__Records for processing__:
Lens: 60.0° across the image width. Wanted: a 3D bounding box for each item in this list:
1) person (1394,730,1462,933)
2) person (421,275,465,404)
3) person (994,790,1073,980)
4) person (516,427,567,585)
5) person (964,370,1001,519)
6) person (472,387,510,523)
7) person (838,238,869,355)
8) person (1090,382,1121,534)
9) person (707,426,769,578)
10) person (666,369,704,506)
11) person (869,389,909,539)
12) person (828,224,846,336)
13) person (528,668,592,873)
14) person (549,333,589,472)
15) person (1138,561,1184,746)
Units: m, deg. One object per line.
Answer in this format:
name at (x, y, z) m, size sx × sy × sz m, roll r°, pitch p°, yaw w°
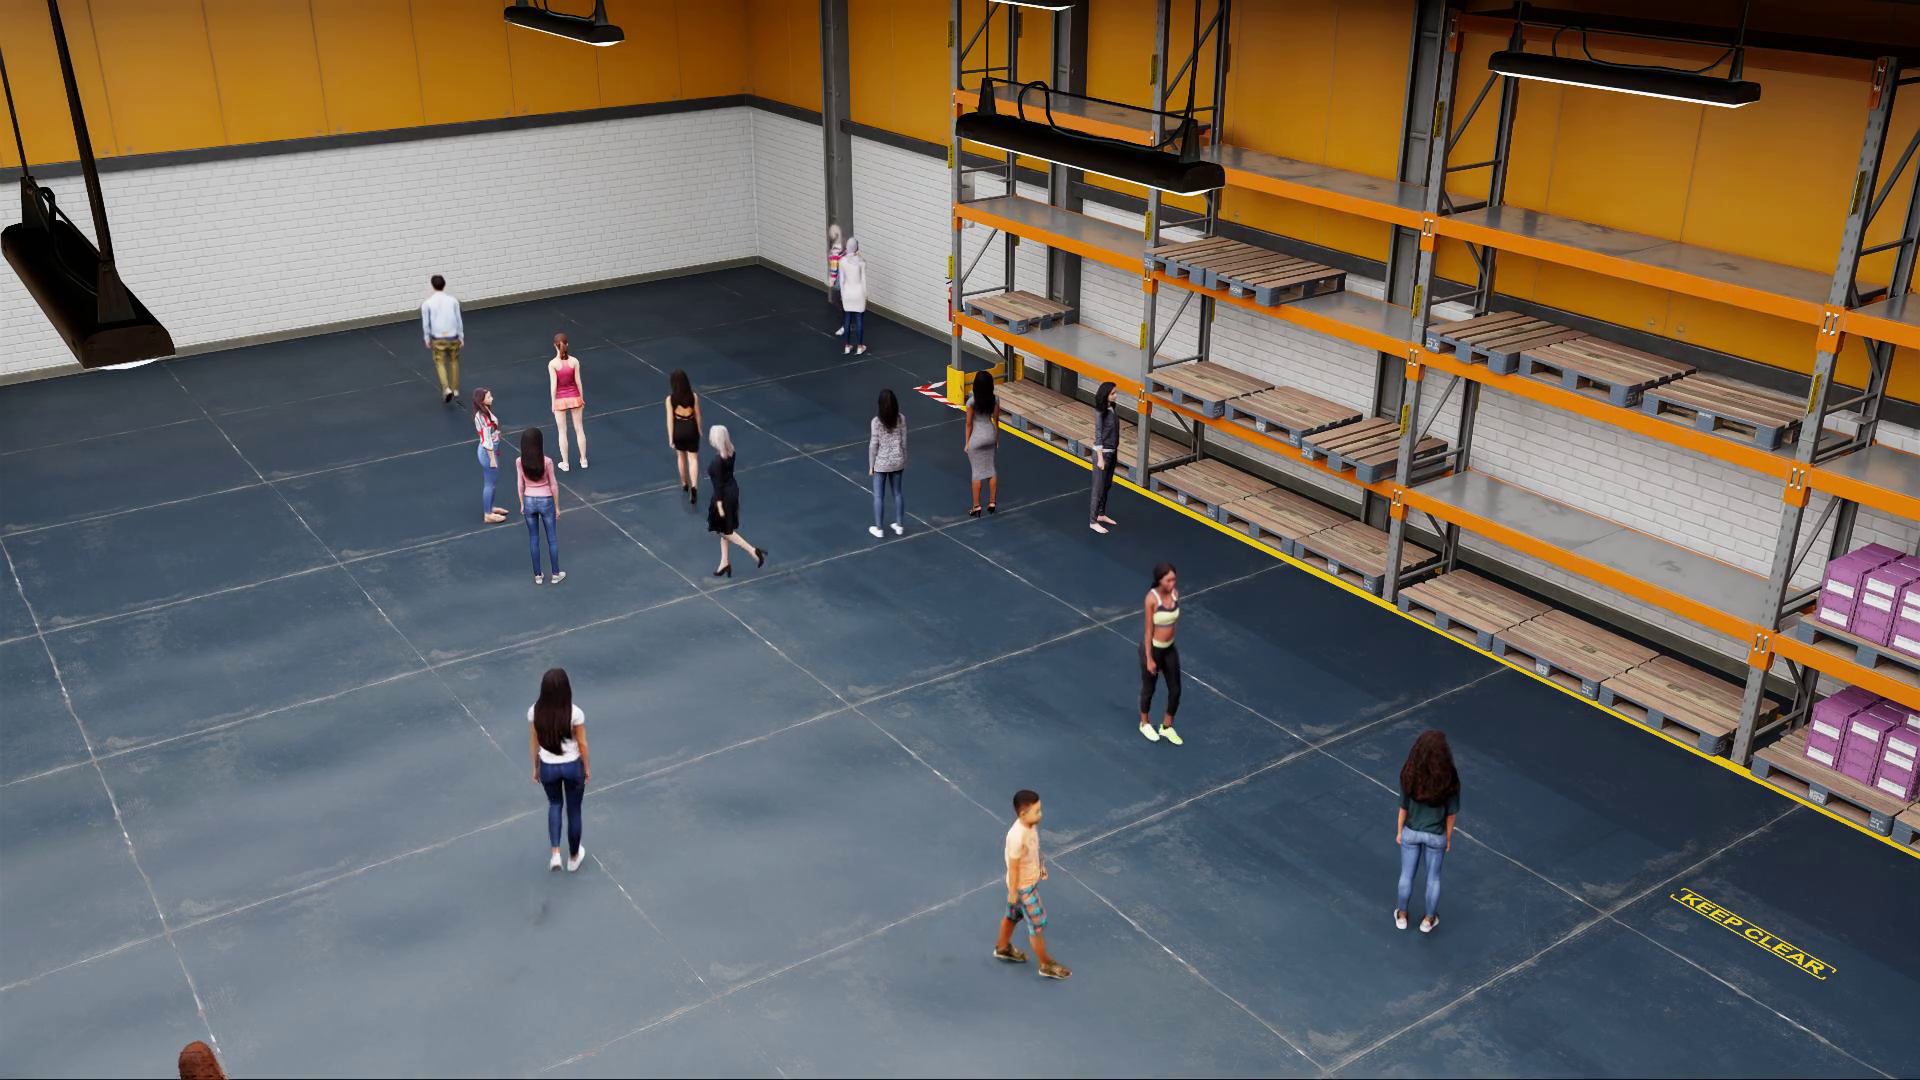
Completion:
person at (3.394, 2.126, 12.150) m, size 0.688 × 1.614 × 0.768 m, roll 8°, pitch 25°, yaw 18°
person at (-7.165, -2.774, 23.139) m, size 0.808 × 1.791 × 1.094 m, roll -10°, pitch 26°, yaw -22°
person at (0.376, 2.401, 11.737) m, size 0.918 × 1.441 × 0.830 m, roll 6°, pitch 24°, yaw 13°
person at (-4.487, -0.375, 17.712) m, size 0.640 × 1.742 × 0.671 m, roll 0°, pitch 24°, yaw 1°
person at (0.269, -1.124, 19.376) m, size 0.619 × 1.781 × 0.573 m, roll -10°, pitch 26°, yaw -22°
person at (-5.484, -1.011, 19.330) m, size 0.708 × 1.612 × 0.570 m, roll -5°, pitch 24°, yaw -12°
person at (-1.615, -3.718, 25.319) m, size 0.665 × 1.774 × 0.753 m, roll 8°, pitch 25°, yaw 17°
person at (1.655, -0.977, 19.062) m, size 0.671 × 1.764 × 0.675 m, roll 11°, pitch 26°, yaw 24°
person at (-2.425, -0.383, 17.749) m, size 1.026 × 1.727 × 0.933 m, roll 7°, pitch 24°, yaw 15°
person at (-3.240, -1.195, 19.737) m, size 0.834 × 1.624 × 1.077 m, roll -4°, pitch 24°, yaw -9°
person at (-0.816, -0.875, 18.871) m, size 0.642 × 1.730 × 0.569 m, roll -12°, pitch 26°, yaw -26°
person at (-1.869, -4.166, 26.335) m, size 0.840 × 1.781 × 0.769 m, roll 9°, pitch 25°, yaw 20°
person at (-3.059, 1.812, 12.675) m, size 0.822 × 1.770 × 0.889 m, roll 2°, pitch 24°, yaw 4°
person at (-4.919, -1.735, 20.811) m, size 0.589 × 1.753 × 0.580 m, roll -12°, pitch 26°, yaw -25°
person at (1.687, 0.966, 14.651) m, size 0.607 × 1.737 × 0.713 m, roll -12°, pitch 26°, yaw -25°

==

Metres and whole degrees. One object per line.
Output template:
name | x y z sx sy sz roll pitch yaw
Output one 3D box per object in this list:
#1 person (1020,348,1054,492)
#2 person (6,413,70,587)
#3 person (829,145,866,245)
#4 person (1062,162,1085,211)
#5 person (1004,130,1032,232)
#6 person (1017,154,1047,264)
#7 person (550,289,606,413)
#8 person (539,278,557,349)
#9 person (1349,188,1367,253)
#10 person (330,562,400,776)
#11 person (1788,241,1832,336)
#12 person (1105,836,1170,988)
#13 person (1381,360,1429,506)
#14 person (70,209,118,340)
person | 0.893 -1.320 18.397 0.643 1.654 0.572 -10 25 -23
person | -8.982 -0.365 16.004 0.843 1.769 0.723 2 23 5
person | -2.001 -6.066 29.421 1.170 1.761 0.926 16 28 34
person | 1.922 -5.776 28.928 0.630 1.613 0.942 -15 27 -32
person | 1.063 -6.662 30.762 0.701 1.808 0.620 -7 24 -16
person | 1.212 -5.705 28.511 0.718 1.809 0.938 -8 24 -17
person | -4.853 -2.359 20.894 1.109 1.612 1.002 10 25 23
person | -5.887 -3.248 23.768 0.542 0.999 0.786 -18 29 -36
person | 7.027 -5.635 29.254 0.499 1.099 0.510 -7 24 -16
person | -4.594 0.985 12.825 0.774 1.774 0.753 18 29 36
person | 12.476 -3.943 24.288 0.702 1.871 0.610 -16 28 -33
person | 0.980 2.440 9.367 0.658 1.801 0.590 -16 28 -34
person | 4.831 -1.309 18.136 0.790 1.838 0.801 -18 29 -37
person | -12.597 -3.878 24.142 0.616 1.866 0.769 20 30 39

__Aim of the exercise__:
The entries above hold a line with "8) person (1090,382,1121,534)" and a later line with "name at (x, y, z)". Write out exactly those lines and all lines between, nothing more.

__Result for this exercise__:
8) person (1090,382,1121,534)
9) person (707,426,769,578)
10) person (666,369,704,506)
11) person (869,389,909,539)
12) person (828,224,846,336)
13) person (528,668,592,873)
14) person (549,333,589,472)
15) person (1138,561,1184,746)
Units: m, deg. One object per line.
Answer in this format:
name at (x, y, z) m, size sx × sy × sz m, roll r°, pitch p°, yaw w°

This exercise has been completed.